### [YOUR TASK]
In the material below, find the line with "List them by"; set down that line and every line after it to the end, exactly, without pictures.
*** RAW DATA ***
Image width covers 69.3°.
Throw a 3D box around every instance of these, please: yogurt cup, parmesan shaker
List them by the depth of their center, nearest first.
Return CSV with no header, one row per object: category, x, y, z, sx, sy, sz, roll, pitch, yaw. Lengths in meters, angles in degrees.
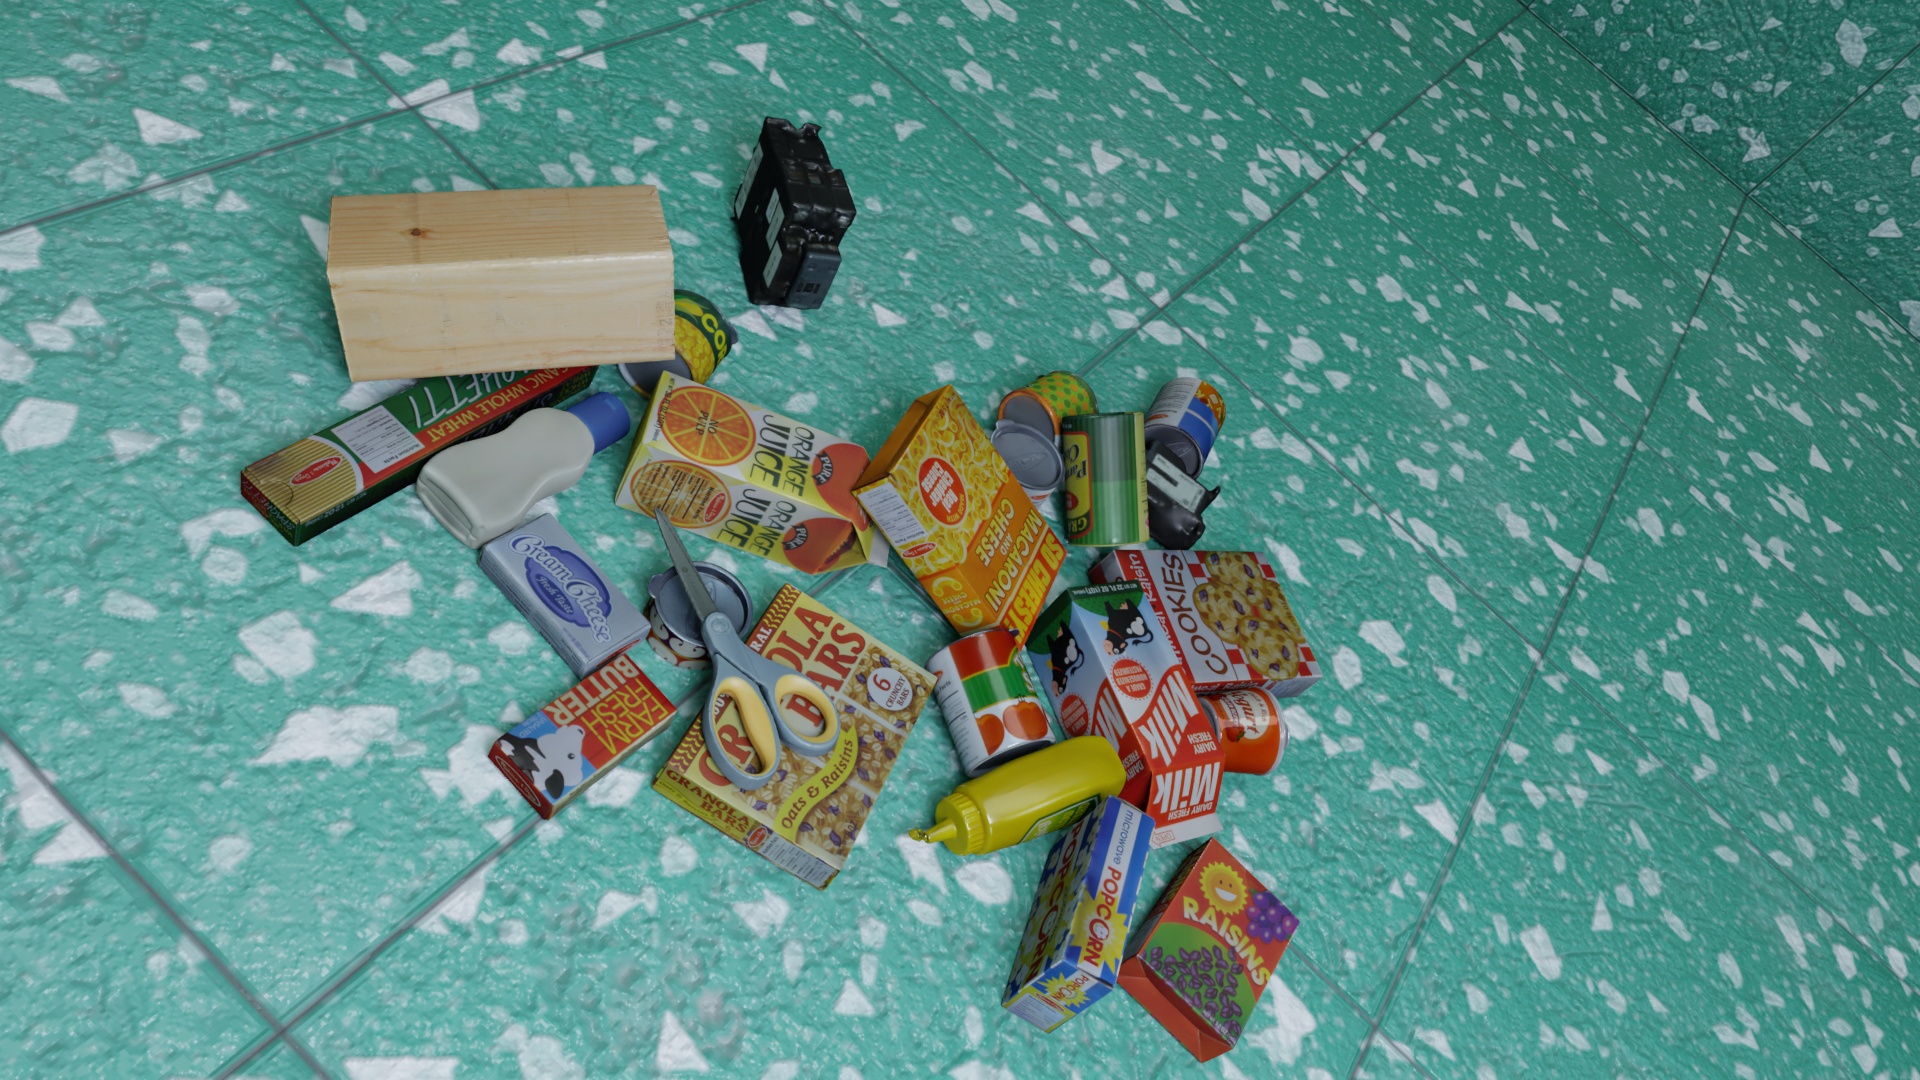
*** End of RAW DATA ***
### [WRITTEN SOLUTION]
List them by the depth of their center, nearest first.
Return CSV with no header, one row per object: category, x, y, z, sx, sy, sz, roll, pitch, yaw. Lengths in meters, angles in degrees.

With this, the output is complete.